I am starting with this one now. While I investigate the group merging code could you try to see what happens if you add precision(2-5 x of what you set for max()). See https://docs.vespa.ai/en/grouping.html#ordering-and-limiting-groups

baldersheim commented 3 years ago

Initial pass of the code did not confirm my suspicion that we incorrectly allowed an optimisation. I will continue to make a system test to reproduce. You should also try adding 'hint(singlepass)' to you grouping expression. Like "all(group(group_doc_id) hint(singlepass) max(5) order(-avg(relevance())).....". The latter is undocumented.

wabzqem commented 3 years ago

I’ve made this change: https://github.com/ausnews/ausnews-search/commit/dd50405d3a8fdc3f505c440bad5778eedbbfd729 to add precision, and ran vespa-start-services on the content node I had previously stopped. I’m getting the same good results now as prior to this (where I had only one content node)

wabzqem commented 3 years ago

Hi @baldersheim, were you able to reproduce this in the end? All my code is open-source so I should be able to provide a simple app & data to reproduce.

Unfortunately, the above didn't fix it. I ran vespa-services-start on the other content node, but didn't realise that distribution to it wasn't working, so it still wasn't being used. I've since fixed that, and group hits have gone bad again. I've tried both hint(singplepass) and precision(15), but they don't help sadly.

Please let me know if there's anything further here I can assist with.

bjorncs commented 3 years ago

@wabzqem We discovered after further debugging that this behaviour is actually not a bug, but instead an expected side-effect of a performance optimization in the grouping engine. It's briefly documented in https://docs.vespa.ai/en/grouping.html#ordering-and-limiting-groups.

You may no longer get the globally best groups when restricting the maximum number of groups and using a non-default ordering expression. This can be somewhat compensated by specifying the precision operator - see link above for details. There is also a single pass optimization that causes some groups to miss documents when using non-default group ordering.

As a side note; using avg in the group ordering expression is not recommended. It will only produce correct result for content clusters were all nodes have the full corpus (e.g single node setup). See @baldersheim comment in https://github.com/vespa-engine/vespa/issues/16861#issuecomment-798957938.

The default group ordering - max(relevance()) - will produce correct result in all situations and might suffice for your use-case.

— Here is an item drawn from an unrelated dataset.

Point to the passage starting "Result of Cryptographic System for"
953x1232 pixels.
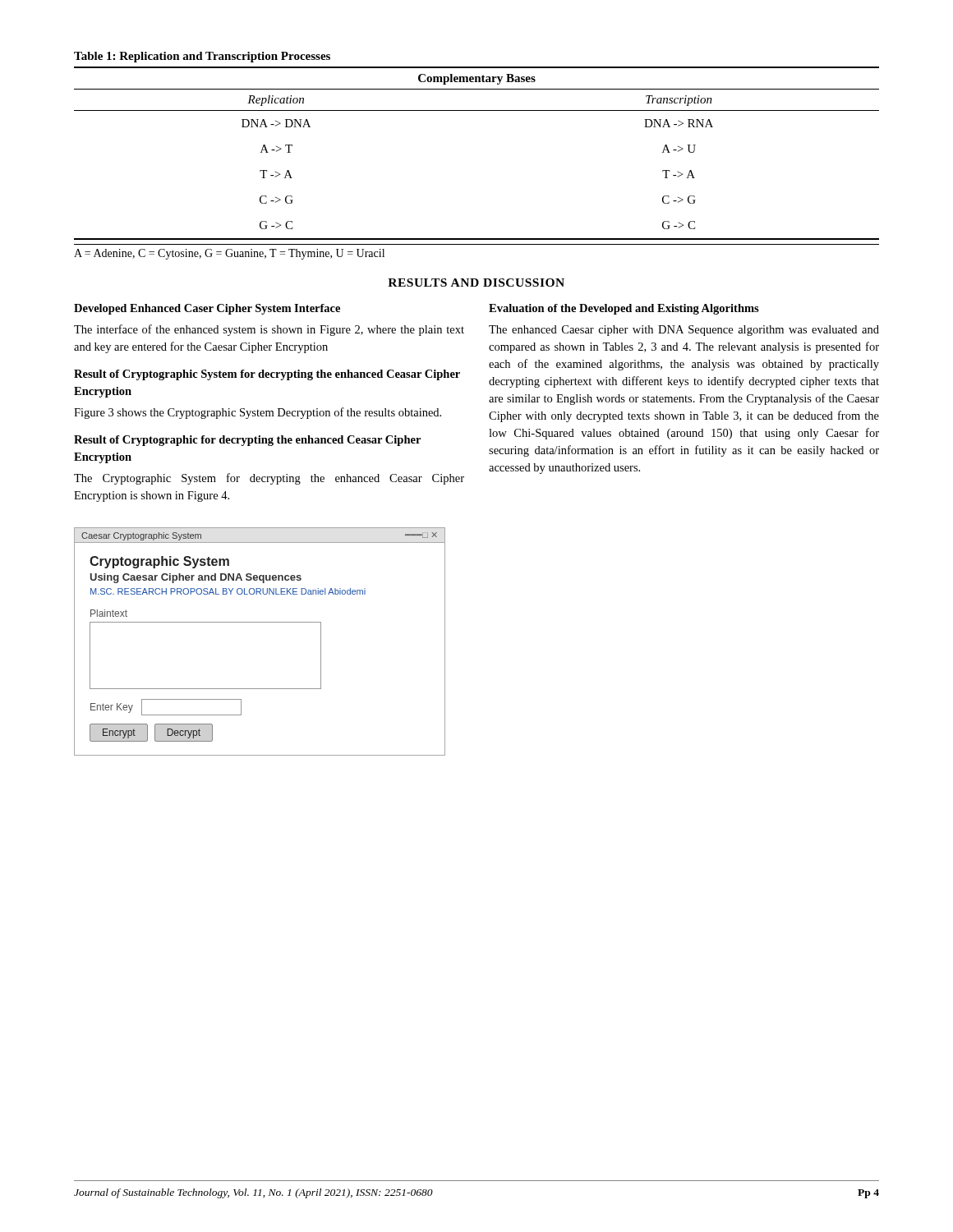click(x=267, y=382)

bratseth commented 3 years ago

Summary: To evaluate this expression perfectly accurately, all the node partitions need to see all the data. The framework decides against that and does it's best in a faster way.

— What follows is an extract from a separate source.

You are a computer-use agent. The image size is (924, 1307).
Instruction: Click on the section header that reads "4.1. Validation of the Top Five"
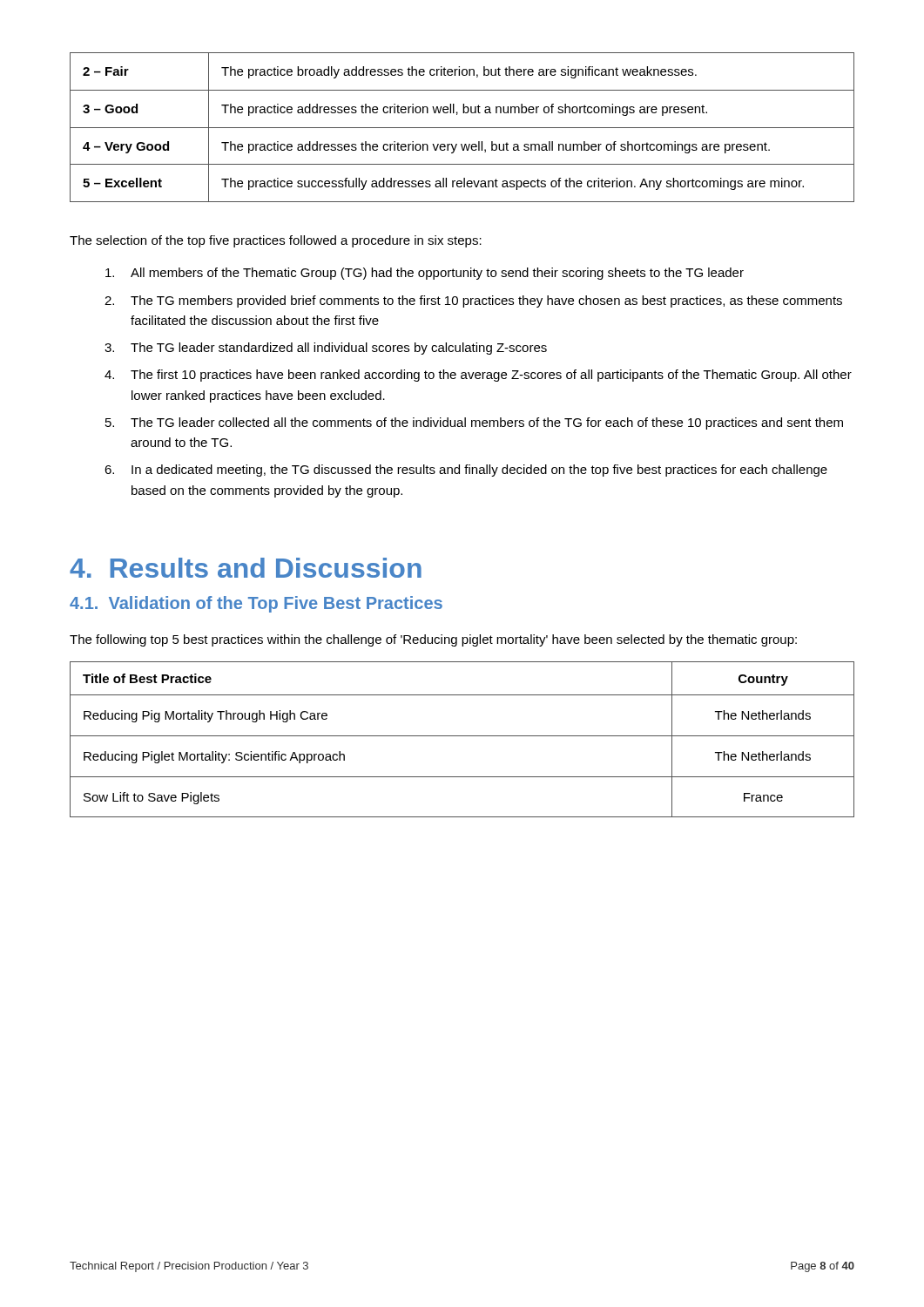click(x=256, y=603)

Somewhat unexpected as a default perhaps, but the realistic alternative is timeout.

I think we could improve this by some more work with data sketches, but I'm not sure increase precision with average is important enough to prioritize.

baldersheim commented 3 years ago

I agree that average might not be important enough, as it will either be too costly to solve correctly, or not be accurate. However we do have a similar issue for other aggregators like max/min/count when used in order clause. We could estimate precision in a similar way as we estimate number of hits needed from each node. I think that the rule of large numbers, many partitions and random distribution would make that good enough.

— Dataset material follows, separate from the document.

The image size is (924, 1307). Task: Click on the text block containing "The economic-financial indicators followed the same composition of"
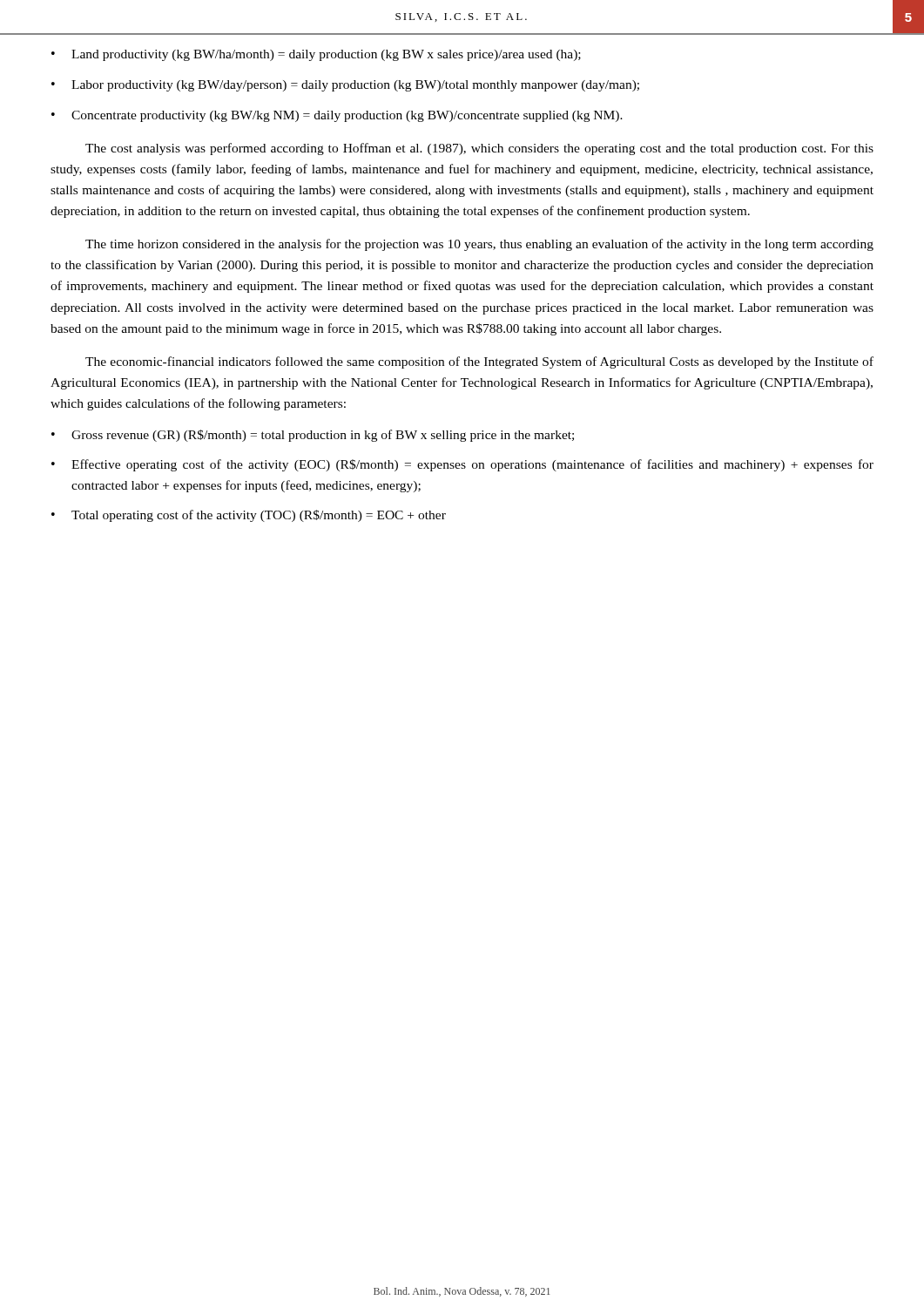pos(462,382)

Note that this case was also extreme, as all hits had zero relevance giving no order at all. But most use cases estimating precision should be fine.

wabzqem commented 3 years ago

Thanks for all of this info. I've managed to improve things greatly by using -max(relevance()) along with precision(100), and get very good grouped results. Without precision, I'd still get missing hits, with 2 content nodes and redundancy 2. Happy for this ticket to be closed.